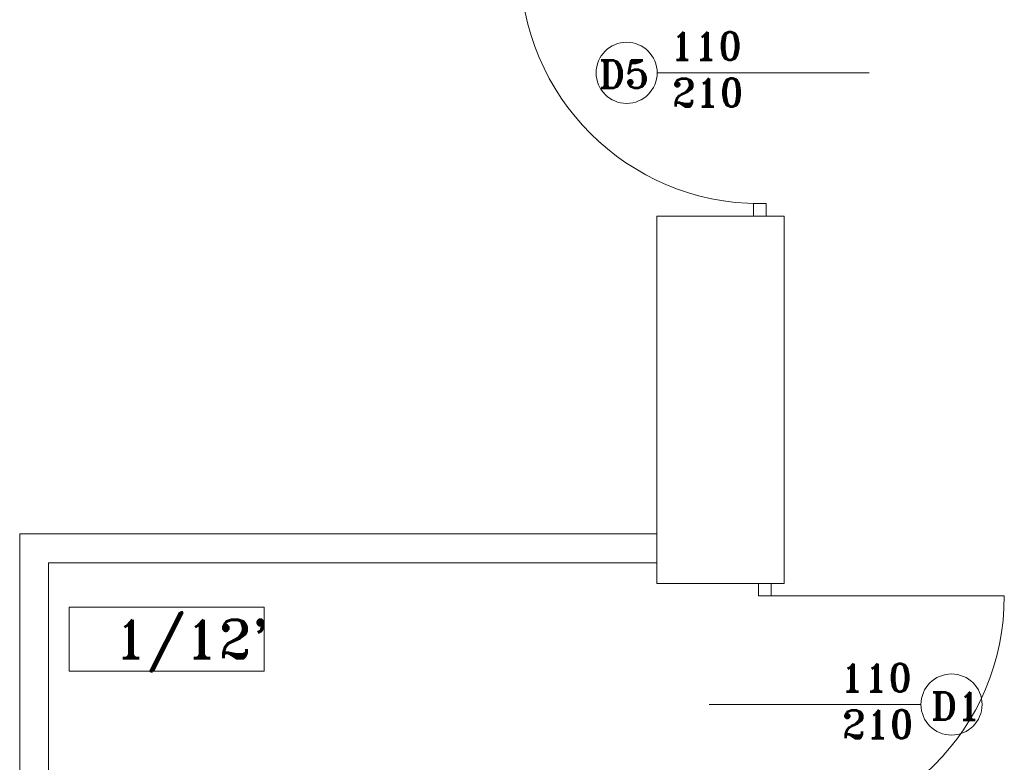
# Model space of a CAD drawing. Header units: millimetres. Extents: x -12354389001 to 271431, y -126469 to 48347.
# Tile 116 of 204: x -128342 to -127932, y -81873 to -81564. Entities that reach past the tile are written whole.
import ezdxf

# ---------------------------------------------------------------- set-up
doc = ezdxf.new("R2010")
doc.units = ezdxf.units.MM
for name, color, linetype, lineweight in [('IS_Text_Odbiornikow_Therm', 7, 'Continuous', 5), ('koncepcja linie przekrojowe', 252, 'Continuous', 20), ('LINIE PRZEKROJOWE', 7, 'Continuous', 13), ('OPISY', 255, 'Continuous', 9), ('stolarka', 252, 'Continuous', 9)]:
    doc.layers.add(name, color=color, linetype=linetype, lineweight=lineweight)
doc.styles.add('ROMANS-POTROJNY-0-8-W', font='ROMANT.SHX', dxfattribs={"width": 0.8})

# ---------------------------------------------------------------- blocks, each defined once
blk = doc.blocks.new('dfds')
at = {"layer": 'koncepcja linie przekrojowe', "color": 252, "linetype": 'Continuous', "lineweight": 13}
for p, q in [((-31967.75, 22594.95), (-31967.75, 22582.95)), ((-31967.75, 22582.95), (-32143.27, 22582.95)), ((-31967.75, 22582.95), (-31967.75, 22582.95))]:
    blk.add_line(p, q, dxfattribs=at)
at = {"layer": 'LINIE PRZEKROJOWE', "color": 252, "linetype": 'Continuous', "lineweight": 13}
for p, q in [((-31967.75, 22727.01), (-31914.75, 22727.01)), ((-31967.75, 22574.35), (-31967.75, 22727.01)), ((-31967.75, 22574.35), (-31967.75, 22727.01)), ((-31914.75, 22574.35), (-31914.75, 22727.01)), ((-32232.67, 22594.95), (-32232.67, 22424.95)), ((-31967.75, 22594.95), (-32232.67, 22594.95)), ((-32232.67, 22424.95), (-32232.67, 22594.95)), ((-32232.67, 22594.95), (-31967.75, 22594.95)), ((-32220.67, 22412.95), (-32220.67, 22582.95)), ((-32220.67, 22412.95), (-32220.67, 22582.95)), ((-32220.67, 22582.95), (-31967.75, 22582.95)), ((-31967.75, 22582.95), (-32220.67, 22582.95)), ((-32220.67, 22582.95), (-32220.67, 22412.95)), ((-31967.75, 22574.35), (-31914.75, 22574.35))]:
    blk.add_line(p, q, dxfattribs=at)
at = {"layer": 'OPISY', "color": 252, "linetype": 'Continuous', "lineweight": 13}
for p, q in [((-31967.62, 22786.63), (-31879.51, 22786.63)), ((-32212.1, 22564.45), (-32130.96, 22564.45)), ((-32212.1, 22537.83), (-32212.1, 22564.45)), ((-32130.96, 22564.45), (-32130.96, 22537.83)), ((-32130.96, 22537.83), (-32212.1, 22537.83)), ((-31857.92, 22523.97), (-31946.03, 22523.97))]:
    blk.add_line(p, q, dxfattribs=at)
for centre in [(-31980.31, 22786.63), (-31845.22, 22523.97)]:
    blk.add_circle(centre, 12.7, dxfattribs=at)
at = {"layer": 'stolarka', "color": 252, "linetype": 'Continuous', "lineweight": 13, "transparency": 33554684}
for p, q in [((-31927.56, 22727.01), (-31927.56, 22732.25)), ((-31927.56, 22732.25), (-31922.32, 22732.25)), ((-31922.32, 22732.25), (-31922.32, 22727.01)), ((-31922.32, 22727.01), (-31927.56, 22727.01)), ((-31920.18, 22574.35), (-31925.41, 22574.35)), ((-31925.41, 22574.35), (-31925.41, 22569.11)), ((-31920.18, 22569.11), (-31920.18, 22574.35)), ((-31925.41, 22569.11), (-31920.18, 22569.11)), ((-31922.8, 22569.11), (-31823.27, 22569.11))]:
    blk.add_line(p, q, dxfattribs=at)
for centre, start, end in [((-31924.94, 22831.77), 180, 270), ((-31922.8, 22569.11), 270, 0)]:
    blk.add_arc(centre, 99.52, start, end, dxfattribs=at)
at = {"layer": 'OPISY', "color": 252, "linetype": 'Continuous', "lineweight": 13, "style": 'ROMANS-POTROJNY-0-8-W'}
for s, height, p in [('D5', 11.574, (-31991.87, 22780.31)), ("1/12'", 16, (-32193.24, 22543.2)), ('D1', 11.574, (-31853.78, 22517.59))]:
    blk.add_text(s, height=height, dxfattribs=at).set_placement(p)
at = {"layer": 'stolarka', "color": 252, "linetype": 'Continuous', "lineweight": 13, "style": 'ROMANS-POTROJNY-0-8-W'}
for s, p in [('110', (-31962.1, 22792.03)), ('210', (-31961.46, 22772.7)), ('110', (-31891.4, 22529.37)), ('210', (-31890.76, 22510.03))]:
    blk.add_text(s, height=11.574, dxfattribs=at).set_placement(p)

msp = doc.modelspace()

# ---------------------------------------------------------------- block references
at = {"layer": 'IS_Text_Odbiornikow_Therm', "color": 7, "ltscale": 0.5}
msp.add_blockref('dfds', (-96109.164, -104372.956), dxfattribs=at)

doc.saveas('drawing.dxf')

### What you will do
Set down the entries again without change. Leave the pictures out.

### Task result
# Model space of a CAD drawing. Header units: millimetres. Extents: x -12354389001 to 271431, y -126469 to 48347.
# Tile 116 of 204: x -128342 to -127932, y -81873 to -81564. Entities that reach past the tile are written whole.
import ezdxf

# ---------------------------------------------------------------- set-up
doc = ezdxf.new("R2010")
doc.units = ezdxf.units.MM
for name, color, linetype, lineweight in [('IS_Text_Odbiornikow_Therm', 7, 'Continuous', 5), ('koncepcja linie przekrojowe', 252, 'Continuous', 20), ('LINIE PRZEKROJOWE', 7, 'Continuous', 13), ('OPISY', 255, 'Continuous', 9), ('stolarka', 252, 'Continuous', 9)]:
    doc.layers.add(name, color=color, linetype=linetype, lineweight=lineweight)
doc.styles.add('ROMANS-POTROJNY-0-8-W', font='ROMANT.SHX', dxfattribs={"width": 0.8})

# ---------------------------------------------------------------- blocks, each defined once
blk = doc.blocks.new('dfds')
at = {"layer": 'koncepcja linie przekrojowe', "color": 252, "linetype": 'Continuous', "lineweight": 13}
for p, q in [((-31967.75, 22594.95), (-31967.75, 22582.95)), ((-31967.75, 22582.95), (-32143.27, 22582.95)), ((-31967.75, 22582.95), (-31967.75, 22582.95))]:
    blk.add_line(p, q, dxfattribs=at)
at = {"layer": 'LINIE PRZEKROJOWE', "color": 252, "linetype": 'Continuous', "lineweight": 13}
for p, q in [((-31967.75, 22727.01), (-31914.75, 22727.01)), ((-31967.75, 22574.35), (-31967.75, 22727.01)), ((-31967.75, 22574.35), (-31967.75, 22727.01)), ((-31914.75, 22574.35), (-31914.75, 22727.01)), ((-32232.67, 22594.95), (-32232.67, 22424.95)), ((-31967.75, 22594.95), (-32232.67, 22594.95)), ((-32232.67, 22424.95), (-32232.67, 22594.95)), ((-32232.67, 22594.95), (-31967.75, 22594.95)), ((-32220.67, 22412.95), (-32220.67, 22582.95)), ((-32220.67, 22412.95), (-32220.67, 22582.95)), ((-32220.67, 22582.95), (-31967.75, 22582.95)), ((-31967.75, 22582.95), (-32220.67, 22582.95)), ((-32220.67, 22582.95), (-32220.67, 22412.95)), ((-31967.75, 22574.35), (-31914.75, 22574.35))]:
    blk.add_line(p, q, dxfattribs=at)
at = {"layer": 'OPISY', "color": 252, "linetype": 'Continuous', "lineweight": 13}
for p, q in [((-31967.62, 22786.63), (-31879.51, 22786.63)), ((-32212.1, 22564.45), (-32130.96, 22564.45)), ((-32212.1, 22537.83), (-32212.1, 22564.45)), ((-32130.96, 22564.45), (-32130.96, 22537.83)), ((-32130.96, 22537.83), (-32212.1, 22537.83)), ((-31857.92, 22523.97), (-31946.03, 22523.97))]:
    blk.add_line(p, q, dxfattribs=at)
for centre in [(-31980.31, 22786.63), (-31845.22, 22523.97)]:
    blk.add_circle(centre, 12.7, dxfattribs=at)
at = {"layer": 'stolarka', "color": 252, "linetype": 'Continuous', "lineweight": 13, "transparency": 33554684}
for p, q in [((-31927.56, 22727.01), (-31927.56, 22732.25)), ((-31927.56, 22732.25), (-31922.32, 22732.25)), ((-31922.32, 22732.25), (-31922.32, 22727.01)), ((-31922.32, 22727.01), (-31927.56, 22727.01)), ((-31920.18, 22574.35), (-31925.41, 22574.35)), ((-31925.41, 22574.35), (-31925.41, 22569.11)), ((-31920.18, 22569.11), (-31920.18, 22574.35)), ((-31925.41, 22569.11), (-31920.18, 22569.11)), ((-31922.8, 22569.11), (-31823.27, 22569.11))]:
    blk.add_line(p, q, dxfattribs=at)
for centre, start, end in [((-31924.94, 22831.77), 180, 270), ((-31922.8, 22569.11), 270, 0)]:
    blk.add_arc(centre, 99.52, start, end, dxfattribs=at)
at = {"layer": 'OPISY', "color": 252, "linetype": 'Continuous', "lineweight": 13, "style": 'ROMANS-POTROJNY-0-8-W'}
for s, height, p in [('D5', 11.574, (-31991.87, 22780.31)), ("1/12'", 16, (-32193.24, 22543.2)), ('D1', 11.574, (-31853.78, 22517.59))]:
    blk.add_text(s, height=height, dxfattribs=at).set_placement(p)
at = {"layer": 'stolarka', "color": 252, "linetype": 'Continuous', "lineweight": 13, "style": 'ROMANS-POTROJNY-0-8-W'}
for s, p in [('110', (-31962.1, 22792.03)), ('210', (-31961.46, 22772.7)), ('110', (-31891.4, 22529.37)), ('210', (-31890.76, 22510.03))]:
    blk.add_text(s, height=11.574, dxfattribs=at).set_placement(p)

msp = doc.modelspace()

# ---------------------------------------------------------------- block references
at = {"layer": 'IS_Text_Odbiornikow_Therm', "color": 7, "ltscale": 0.5}
msp.add_blockref('dfds', (-96109.164, -104372.956), dxfattribs=at)

doc.saveas('drawing.dxf')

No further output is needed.